Tag Archives: Ian McEwan

Hark! I Hear An Audiobook

10 Apr

Girl listeningA writer friend of mind recently had one of her print books made into an audiobook, and I went to the website for a sample listen. It was an . . . interesting experience, to say the least. Now, let me preface by saying that in general I’m not an audiobook listener. I like my books in text form, whether on the paper page or in an electronic reader, and I’ve listened to only a handful of audiobooks. Furthermore, the ones I’ve listened to have been mainstream fiction. For example, Ian McEwan’s Saturday, or Frederik Forsyth’s Icon, so I’m by no means a seasoned expert in this format. But I went to have a listen to my friend’s contemporary romance audiobook and came away from the experience somewhat turned off.
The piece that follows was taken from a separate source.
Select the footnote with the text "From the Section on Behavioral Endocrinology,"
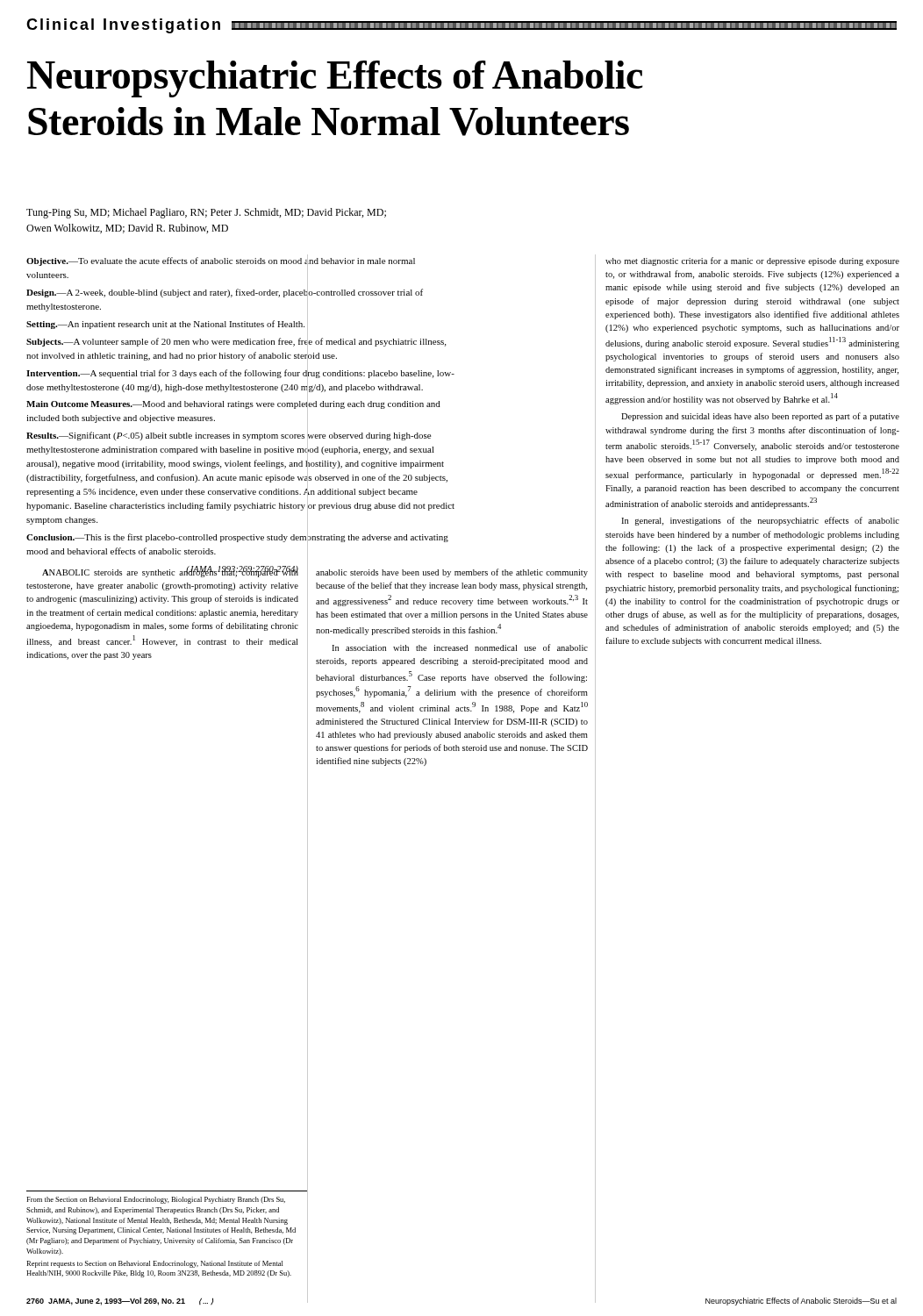The height and width of the screenshot is (1316, 923). pyautogui.click(x=167, y=1237)

There was something, I don’t know, kinda icky about a non-emotional reading of a romance novel when the genre inherently contains so much strong emotion. The reader was just, you know, reading. She wasn’t acting or performing, she was reading aloud the words on a page. Perhaps the thinking is that the listener will want to put her own spin on the emotions of the text so if the reader does so it inhibits the listener. But I’ve got to be honest, I didn’t care for it at all. And on top of that, the reading of the sex scenes was just downright weird. Imagine in your head a robotic-like voice saying, “Come on, Mitch. Just f**k me. Yeah, baby. Just like that. Rub my pussy. Mmmm, it feel so good.” Did you put a robot voice in your head? Creepy, right? And it doesn’t exactly arouse desire which, after all, is a huge part of the fun from the sex scenes.
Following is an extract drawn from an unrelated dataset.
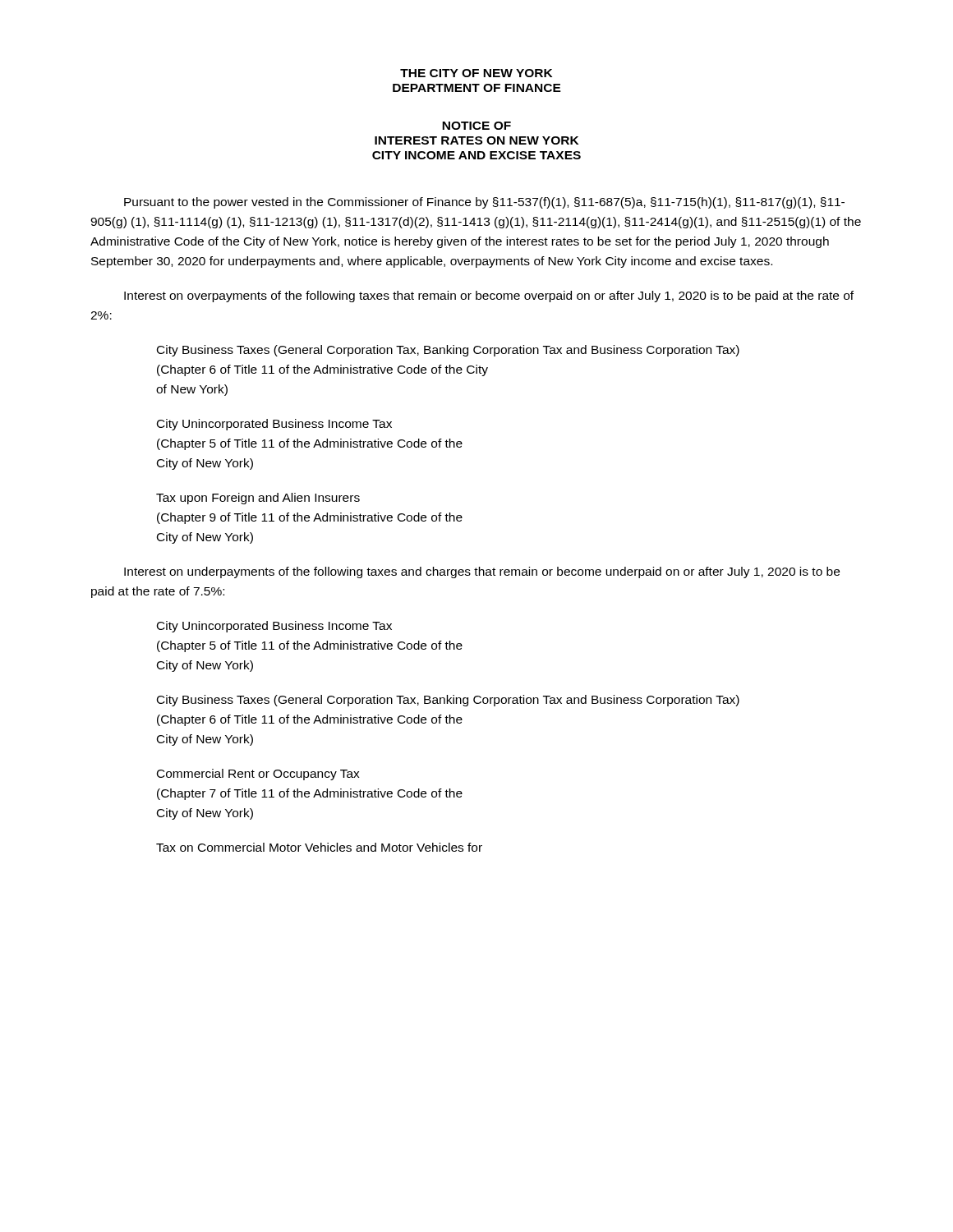Find the list item that reads "Tax on Commercial Motor Vehicles"
The image size is (953, 1232).
[x=319, y=848]

I decided to pursue the matter further by discussing it with others who regularly enjoy listening to audio books. What’s fun about them? I asked. What distinguishes a good audiobook from a bad one? Is it the story itself? A good story is a good story, after all, so ergo, a good audiobook? Not so, say those in the know. There were two main characteristics of a good audiobook – and this is with the assumption that the story is strong. So OK, you’ve got a good yarn on your hands. It doesn’t necessarily translate to a good audiobook. The two primary distinctions told to me are that the audiobook reader must be a good performer, and the production value needs to be high.

Taking the first point, about the performance, leads me to think that the romance audiobook clip I listened to made me feel squishy because the performance was as enthralling as watching paint dry. Or perhaps, in this case, listening to paint dry, meaning there was no performance whatsoever. The reader made the decision to be dry and unemotional. It may work for some, but for me it was a complete snooze with a dash of discomfort. If the hero is baring his soul and revealing his issues and declaring his love well, damn it, I want emotion.

About the production value . . . clarity is key, with perhaps a little music thrown in here and there for mood setting and to signify scene or POV changes.

In the end, I’m going to stick with the printed text, where I can be screaming in my head when the heroine’s screaming on the page, but I’d love to hear from others. What’s your take on audiobooks, specifically romance audiobooks. Are they a fun alternative from print, or do they just make you want to hit the off button?